Мэри Пэт какое-то время молчит, затем произносит:

– Если Марти Батлер видит, что расходы на твоего адвоката не окупятся, ему легче оплатить тебе похороны.

– Вот, собственно, поэтому мы пока не лезем на рожон.

– Но коли слишком протелитесь – Марти заплатит кому надо, и у них появятся железные алиби, а вы останетесь ни с чем.

– Это риск, да. – Он ставит ногу на крыло ее машины.

– Вы думаете, что моя дочь причастна, а я знаю, что нет. Если сможем узнать правду о произошедшем, я докажу ее невиновность.

– И тогда она перестанет скрываться?

Мэри Пэт на мгновение подается вперед. Как будто душа вдруг покинула ее тело, оставив на капоте лишь пустую оболочку. Затем женщина приходит в себя и едва слышно произносит:

– Да. Тогда она перестанет скрываться.

Все это время Бобби вглядывается ей в лицо самым внимательным образом.

– То есть она все-таки прячется, так?

Мэри Пэт теребит шнурок кроссовки.

– Да, именно так.

– Значит, миссис Феннесси, вам просто нужно набраться терпения.

– Мэри Пэт.

– Наберитесь терпения, Мэри Пэт. Чтобы докопаться до истины, все нужно делать по правилам.

Судя по ее взгляду, она думает, что этим он обманывает не только ее, но и себя.

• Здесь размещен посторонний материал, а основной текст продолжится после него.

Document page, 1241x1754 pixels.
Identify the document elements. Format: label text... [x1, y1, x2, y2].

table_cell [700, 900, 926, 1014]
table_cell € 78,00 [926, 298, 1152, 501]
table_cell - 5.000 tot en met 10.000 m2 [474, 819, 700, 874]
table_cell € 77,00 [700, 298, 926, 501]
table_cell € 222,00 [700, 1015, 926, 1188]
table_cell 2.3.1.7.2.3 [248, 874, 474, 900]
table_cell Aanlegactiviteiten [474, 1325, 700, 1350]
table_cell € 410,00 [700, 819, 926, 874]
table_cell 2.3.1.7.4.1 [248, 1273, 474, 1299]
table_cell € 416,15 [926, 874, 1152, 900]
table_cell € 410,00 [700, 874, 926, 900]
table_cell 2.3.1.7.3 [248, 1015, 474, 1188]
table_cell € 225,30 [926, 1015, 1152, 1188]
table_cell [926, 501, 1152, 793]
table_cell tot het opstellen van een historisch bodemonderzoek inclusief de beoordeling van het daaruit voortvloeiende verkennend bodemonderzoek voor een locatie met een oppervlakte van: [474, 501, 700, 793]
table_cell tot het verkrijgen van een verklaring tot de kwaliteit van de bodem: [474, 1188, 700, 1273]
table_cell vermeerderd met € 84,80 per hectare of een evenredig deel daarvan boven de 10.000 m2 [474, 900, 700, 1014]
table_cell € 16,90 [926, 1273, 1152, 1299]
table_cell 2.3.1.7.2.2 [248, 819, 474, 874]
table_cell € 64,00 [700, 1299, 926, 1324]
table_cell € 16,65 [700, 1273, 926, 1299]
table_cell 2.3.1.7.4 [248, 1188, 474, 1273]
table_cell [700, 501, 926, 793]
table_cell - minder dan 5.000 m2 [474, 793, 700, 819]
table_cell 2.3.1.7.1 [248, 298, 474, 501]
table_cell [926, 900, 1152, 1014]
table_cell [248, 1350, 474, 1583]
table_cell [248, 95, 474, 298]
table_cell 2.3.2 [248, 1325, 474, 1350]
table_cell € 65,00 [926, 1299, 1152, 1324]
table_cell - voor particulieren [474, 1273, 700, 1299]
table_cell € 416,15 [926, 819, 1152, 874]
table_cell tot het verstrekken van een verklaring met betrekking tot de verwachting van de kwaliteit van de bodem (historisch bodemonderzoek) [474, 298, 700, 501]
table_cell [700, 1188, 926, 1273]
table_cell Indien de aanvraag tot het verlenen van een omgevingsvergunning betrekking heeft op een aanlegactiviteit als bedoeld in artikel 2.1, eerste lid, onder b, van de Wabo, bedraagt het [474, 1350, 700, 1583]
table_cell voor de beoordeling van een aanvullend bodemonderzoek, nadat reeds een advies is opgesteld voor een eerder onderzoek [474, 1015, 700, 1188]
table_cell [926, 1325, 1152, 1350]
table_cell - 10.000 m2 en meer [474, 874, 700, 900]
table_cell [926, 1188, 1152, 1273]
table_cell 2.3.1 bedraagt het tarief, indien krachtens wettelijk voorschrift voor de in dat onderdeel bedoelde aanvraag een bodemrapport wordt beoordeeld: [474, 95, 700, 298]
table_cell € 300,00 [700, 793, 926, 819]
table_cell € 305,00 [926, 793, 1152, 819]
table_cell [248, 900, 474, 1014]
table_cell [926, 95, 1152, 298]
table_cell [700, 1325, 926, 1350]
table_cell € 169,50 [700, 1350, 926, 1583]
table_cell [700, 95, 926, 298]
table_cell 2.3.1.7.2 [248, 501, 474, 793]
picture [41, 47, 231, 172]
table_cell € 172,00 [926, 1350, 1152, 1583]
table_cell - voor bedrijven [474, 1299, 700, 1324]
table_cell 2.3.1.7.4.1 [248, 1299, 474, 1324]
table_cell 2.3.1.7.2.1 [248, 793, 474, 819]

– А если я сама с ними поговорю?

– С кем?

– С теми, кто не хочет говорить с вами.

– Нет. Даже не думайте.

– Почему?

Бобби показывает на ее руки и лицо.

– Потому что ваши «разговоры» – это «недопустимые доказательства, полученные с применением силы». В суде такие не принимают.

– Только в том случае, – она рассекает воздух сигаретой, – если сотрудник полиции заранее знал, что доказательства получены таким образом.

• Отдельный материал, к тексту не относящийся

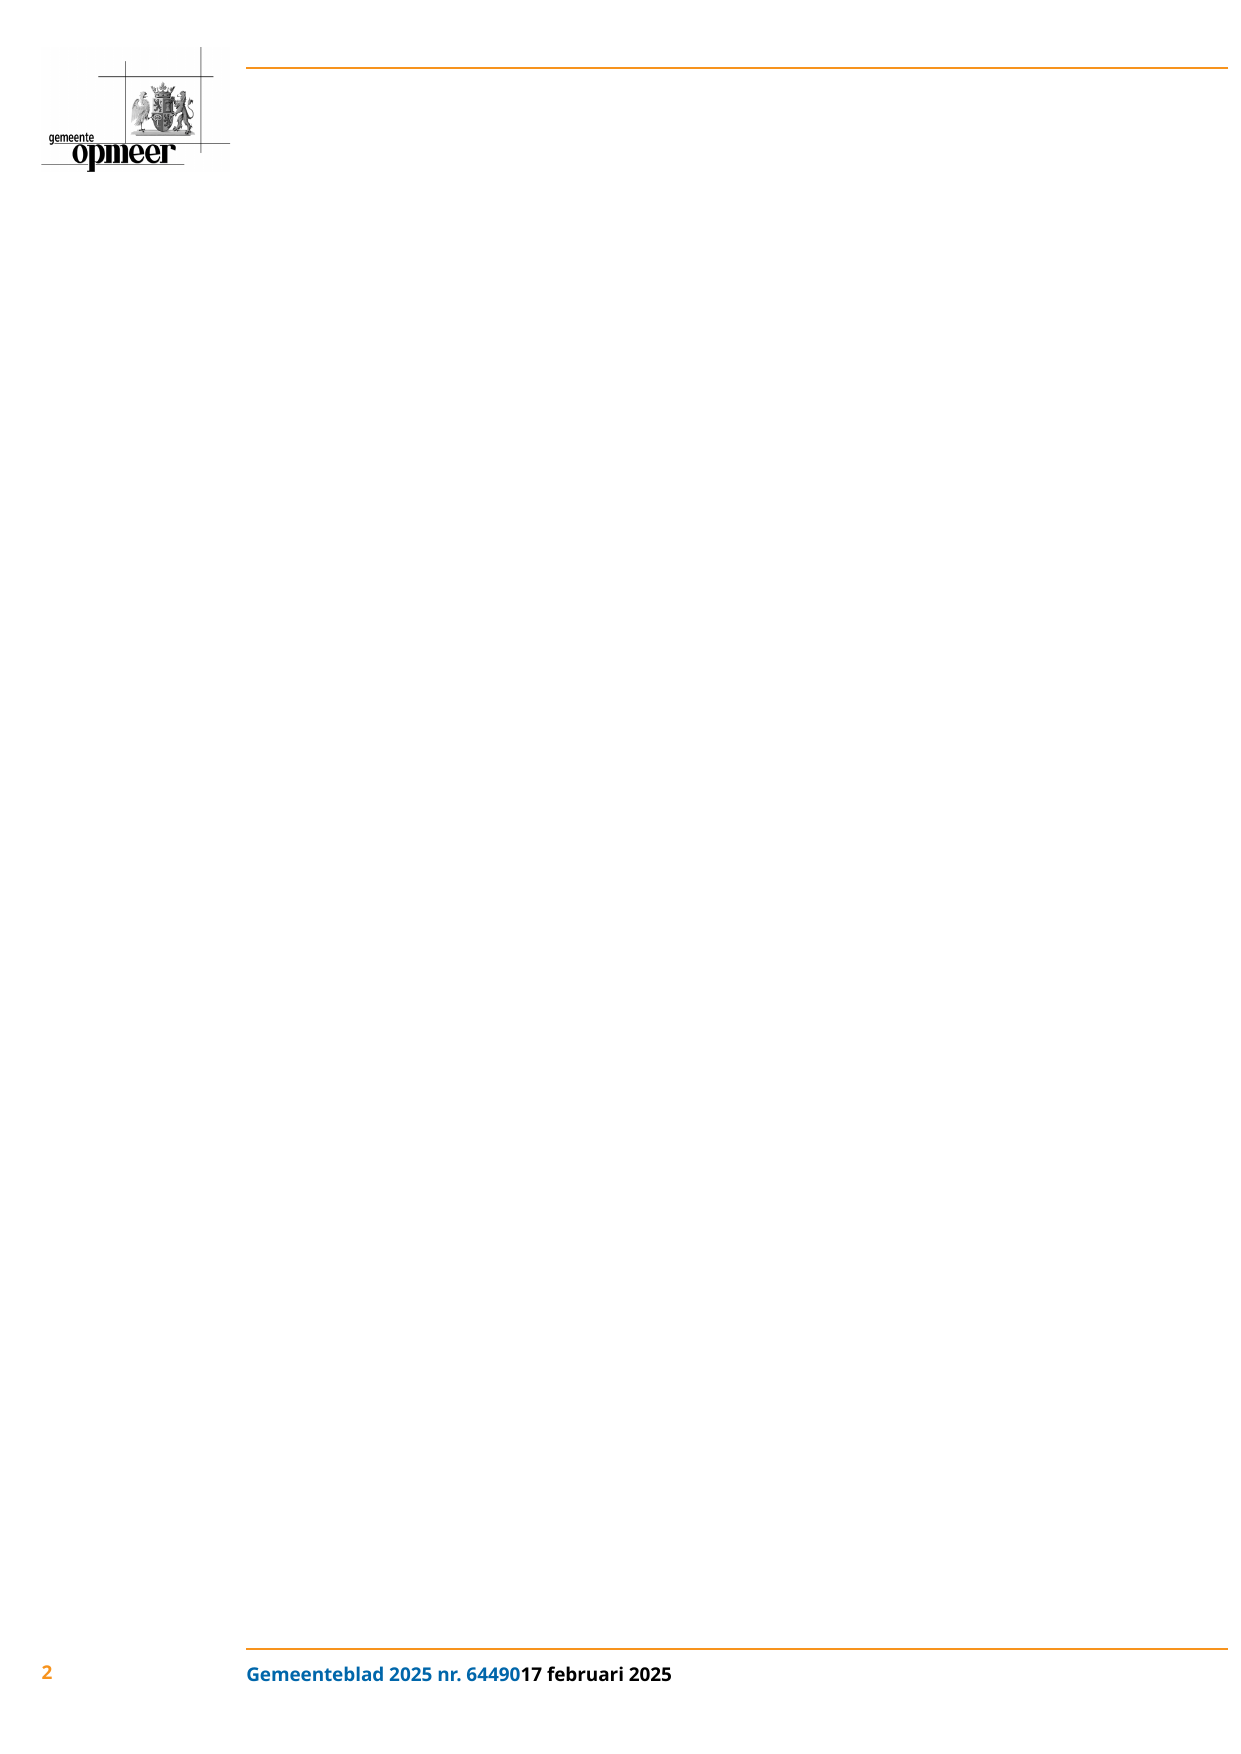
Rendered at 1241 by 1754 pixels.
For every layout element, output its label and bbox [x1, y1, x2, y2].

picture [41, 47, 231, 172]

– Почитываете на досуге юридические справочники?

– Я была замужем за Дюки. Он сумел украсть в этом городе все мало-мальски ценное, что не приколочено гвоздями, и почти ни разу не попался. Он был моим юридическим справочником.

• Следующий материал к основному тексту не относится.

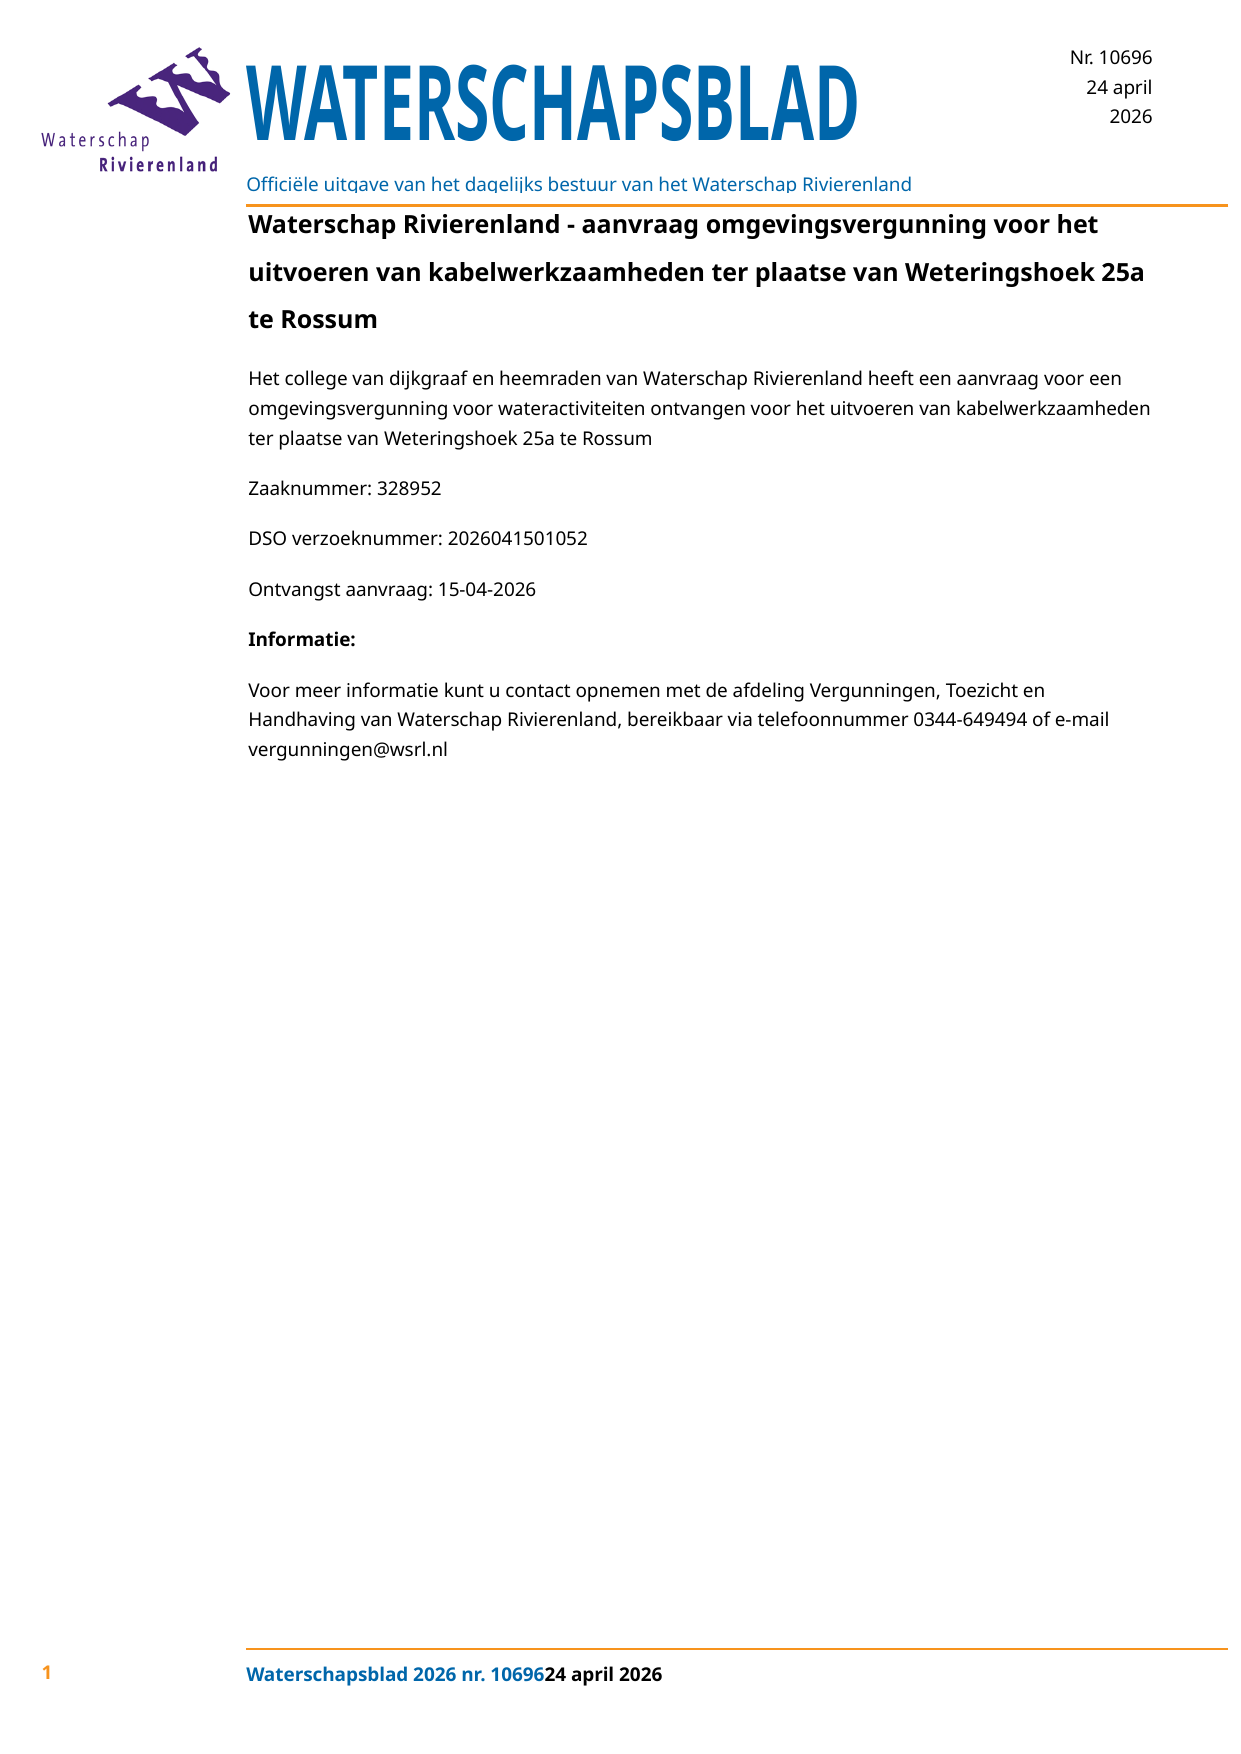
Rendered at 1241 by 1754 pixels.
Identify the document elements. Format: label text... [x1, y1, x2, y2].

– Что же с ним стало? – спрашивает Бобби.

– Не прогнулся.

– Перед кем?

– Перед кем положено прогибаться.

Продолжая смотреть на собеседницу, Бобби вдруг понимает, что это совершенно одинокий человек, чья жизнь – сплошная череда больших и маленьких травм.

– Миссис Феннесси, пожалуйста, идите домой.

– И что мне там делать?

– Все то же, что вы обычно делаете дома.

– А потом что?

– А потом ложитесь спать и наутро повторите снова.

Мэри Пэт вздыхает:

– Это не жизнь.

– Почему нет? Главное – найти в ней маленькие радости.

Она улыбается, но в глазах тлеет мучительная боль.

– А если ни одной не осталось?

– Вы уверены?

– Можете не сомневаться.

– Тогда найдите новые.

Мэри Пэт опускает голову:

– Негде больше искать.

Бобби поражен тем, как внутри этой женщины уживается нечто безнадежно сломанное и абсолютно несокрушимое. Две сущности, которые не должны сосуществовать. Тот, кто сломлен, не может быть несокрушимым. Несокрушимый не может быть сломлен. Однако вот перед ним Мэри Пэт Феннесси: несокрушимая, но сломленная. И этот парадокс пугает Бобби до чертиков. Ему попадались люди, существующие, по его глубокому убеждению, одной ногой в нашем мире, другой – в потустороннем, подобно шаманам древности. Встретившись с таким, лучше обойти его даже не десятой – двадцатой дорогой, иначе, проваливаясь окончательно, он затащит тебя с собой в этот самый потусторонний мир. А он провалится. Несомненно. Даже к гадалке не ходи.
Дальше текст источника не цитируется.